Across the listing below, count the lines with "Copyright" in them. Write nothing but the number.

....................

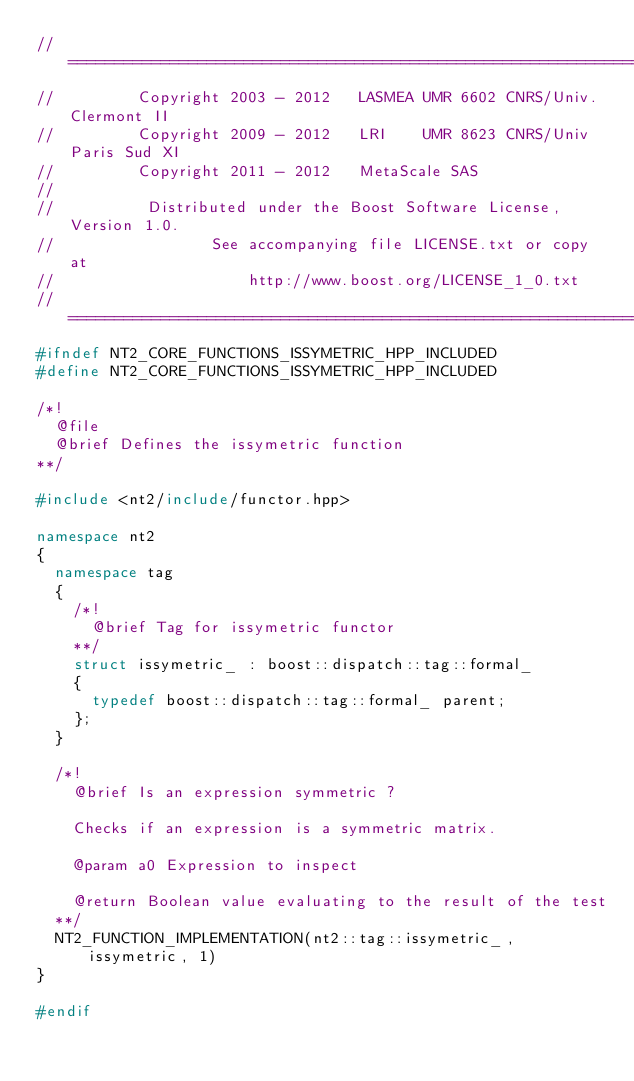<code> <loc_0><loc_0><loc_500><loc_500><_C++_>//==============================================================================
//         Copyright 2003 - 2012   LASMEA UMR 6602 CNRS/Univ. Clermont II
//         Copyright 2009 - 2012   LRI    UMR 8623 CNRS/Univ Paris Sud XI
//         Copyright 2011 - 2012   MetaScale SAS
//
//          Distributed under the Boost Software License, Version 1.0.
//                 See accompanying file LICENSE.txt or copy at
//                     http://www.boost.org/LICENSE_1_0.txt
//==============================================================================
#ifndef NT2_CORE_FUNCTIONS_ISSYMETRIC_HPP_INCLUDED
#define NT2_CORE_FUNCTIONS_ISSYMETRIC_HPP_INCLUDED

/*!
  @file
  @brief Defines the issymetric function
**/

#include <nt2/include/functor.hpp>

namespace nt2
{
  namespace tag
  {
    /*!
      @brief Tag for issymetric functor
    **/
    struct issymetric_ : boost::dispatch::tag::formal_
    {
      typedef boost::dispatch::tag::formal_ parent;
    };
  }

  /*!
    @brief Is an expression symmetric ?

    Checks if an expression is a symmetric matrix.

    @param a0 Expression to inspect

    @return Boolean value evaluating to the result of the test
  **/
  NT2_FUNCTION_IMPLEMENTATION(nt2::tag::issymetric_, issymetric, 1)
}

#endif

</code> 
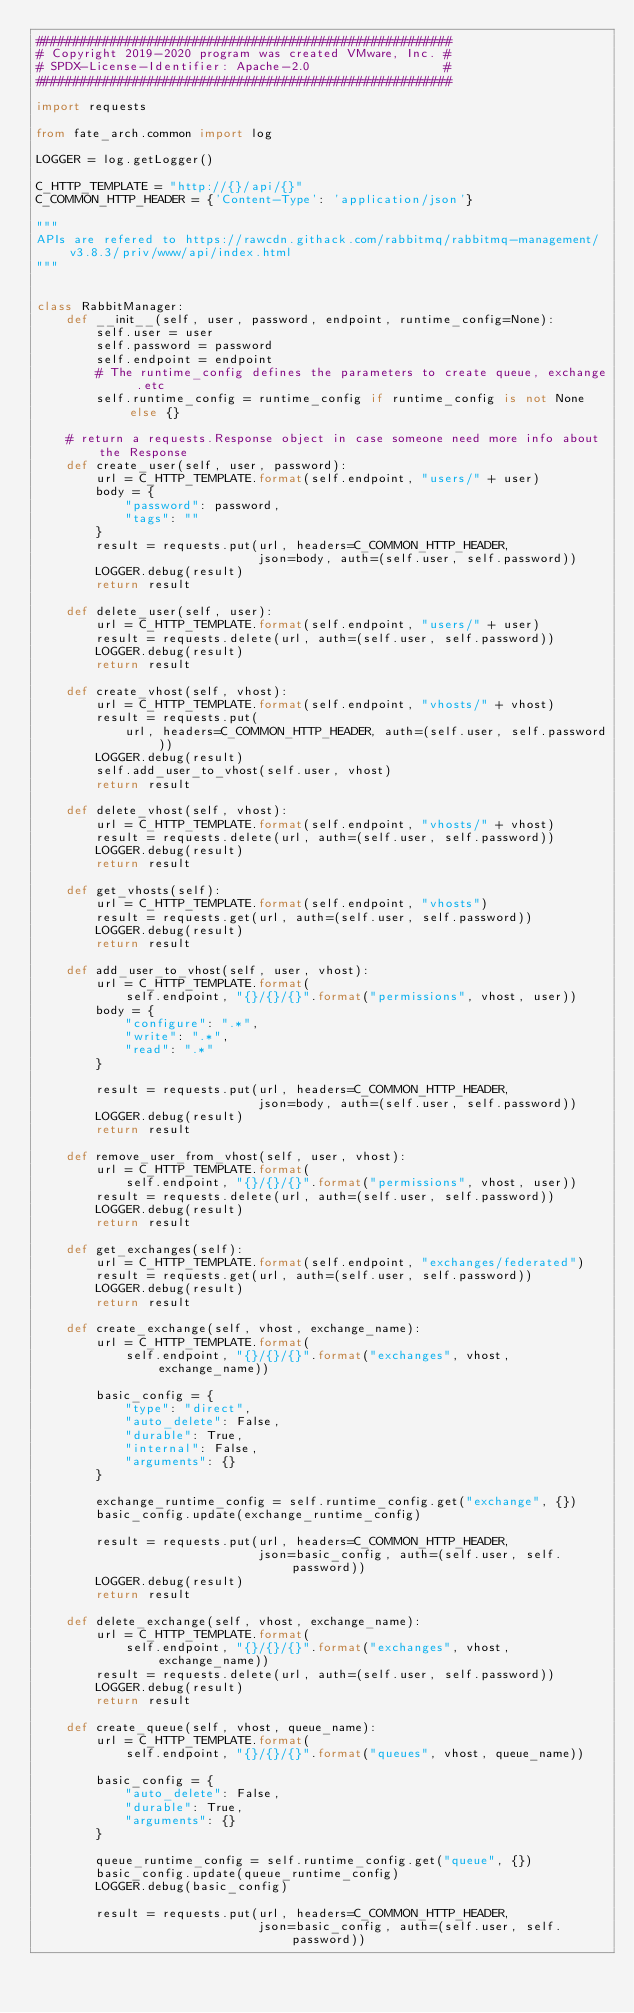<code> <loc_0><loc_0><loc_500><loc_500><_Python_>########################################################
# Copyright 2019-2020 program was created VMware, Inc. #
# SPDX-License-Identifier: Apache-2.0                  #
########################################################

import requests

from fate_arch.common import log

LOGGER = log.getLogger()

C_HTTP_TEMPLATE = "http://{}/api/{}"
C_COMMON_HTTP_HEADER = {'Content-Type': 'application/json'}

"""
APIs are refered to https://rawcdn.githack.com/rabbitmq/rabbitmq-management/v3.8.3/priv/www/api/index.html
"""


class RabbitManager:
    def __init__(self, user, password, endpoint, runtime_config=None):
        self.user = user
        self.password = password
        self.endpoint = endpoint
        # The runtime_config defines the parameters to create queue, exchange .etc
        self.runtime_config = runtime_config if runtime_config is not None else {}

    # return a requests.Response object in case someone need more info about the Response
    def create_user(self, user, password):
        url = C_HTTP_TEMPLATE.format(self.endpoint, "users/" + user)
        body = {
            "password": password,
            "tags": ""
        }
        result = requests.put(url, headers=C_COMMON_HTTP_HEADER,
                              json=body, auth=(self.user, self.password))
        LOGGER.debug(result)
        return result

    def delete_user(self, user):
        url = C_HTTP_TEMPLATE.format(self.endpoint, "users/" + user)
        result = requests.delete(url, auth=(self.user, self.password))
        LOGGER.debug(result)
        return result

    def create_vhost(self, vhost):
        url = C_HTTP_TEMPLATE.format(self.endpoint, "vhosts/" + vhost)
        result = requests.put(
            url, headers=C_COMMON_HTTP_HEADER, auth=(self.user, self.password))
        LOGGER.debug(result)
        self.add_user_to_vhost(self.user, vhost)
        return result

    def delete_vhost(self, vhost):
        url = C_HTTP_TEMPLATE.format(self.endpoint, "vhosts/" + vhost)
        result = requests.delete(url, auth=(self.user, self.password))
        LOGGER.debug(result)
        return result

    def get_vhosts(self):
        url = C_HTTP_TEMPLATE.format(self.endpoint, "vhosts")
        result = requests.get(url, auth=(self.user, self.password))
        LOGGER.debug(result)
        return result

    def add_user_to_vhost(self, user, vhost):
        url = C_HTTP_TEMPLATE.format(
            self.endpoint, "{}/{}/{}".format("permissions", vhost, user))
        body = {
            "configure": ".*",
            "write": ".*",
            "read": ".*"
        }

        result = requests.put(url, headers=C_COMMON_HTTP_HEADER,
                              json=body, auth=(self.user, self.password))
        LOGGER.debug(result)
        return result

    def remove_user_from_vhost(self, user, vhost):
        url = C_HTTP_TEMPLATE.format(
            self.endpoint, "{}/{}/{}".format("permissions", vhost, user))
        result = requests.delete(url, auth=(self.user, self.password))
        LOGGER.debug(result)
        return result

    def get_exchanges(self):
        url = C_HTTP_TEMPLATE.format(self.endpoint, "exchanges/federated")
        result = requests.get(url, auth=(self.user, self.password))
        LOGGER.debug(result)
        return result

    def create_exchange(self, vhost, exchange_name):
        url = C_HTTP_TEMPLATE.format(
            self.endpoint, "{}/{}/{}".format("exchanges", vhost, exchange_name))

        basic_config = {
            "type": "direct",
            "auto_delete": False,
            "durable": True,
            "internal": False,
            "arguments": {}
        }

        exchange_runtime_config = self.runtime_config.get("exchange", {})
        basic_config.update(exchange_runtime_config)

        result = requests.put(url, headers=C_COMMON_HTTP_HEADER,
                              json=basic_config, auth=(self.user, self.password))
        LOGGER.debug(result)
        return result

    def delete_exchange(self, vhost, exchange_name):
        url = C_HTTP_TEMPLATE.format(
            self.endpoint, "{}/{}/{}".format("exchanges", vhost, exchange_name))
        result = requests.delete(url, auth=(self.user, self.password))
        LOGGER.debug(result)
        return result

    def create_queue(self, vhost, queue_name):
        url = C_HTTP_TEMPLATE.format(
            self.endpoint, "{}/{}/{}".format("queues", vhost, queue_name))

        basic_config = {
            "auto_delete": False,
            "durable": True,
            "arguments": {}
        }

        queue_runtime_config = self.runtime_config.get("queue", {})
        basic_config.update(queue_runtime_config)
        LOGGER.debug(basic_config)

        result = requests.put(url, headers=C_COMMON_HTTP_HEADER,
                              json=basic_config, auth=(self.user, self.password))</code> 
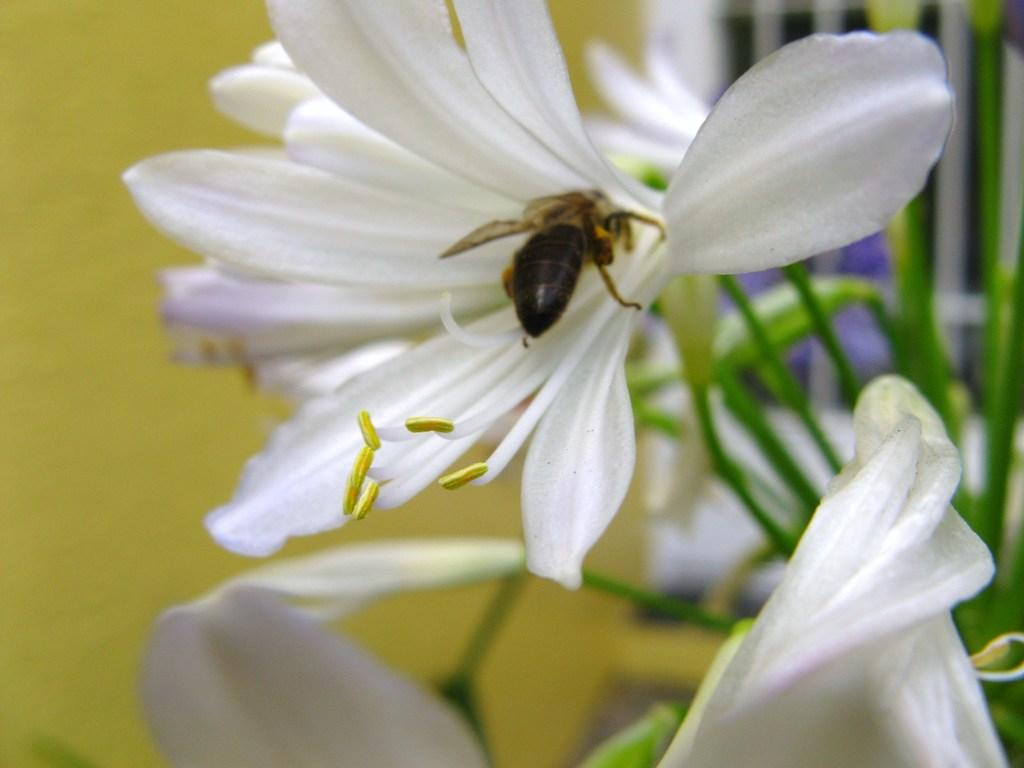What is present in the image? There is a bee in the image. Where is the bee located? The bee is on a flower. What type of office equipment can be seen in the image? There is no office equipment present in the image; it features a bee on a flower. What is the bee singing in the image? Bees do not sing songs, so there is no song being sung by the bee in the image.

....................

Written solution:
4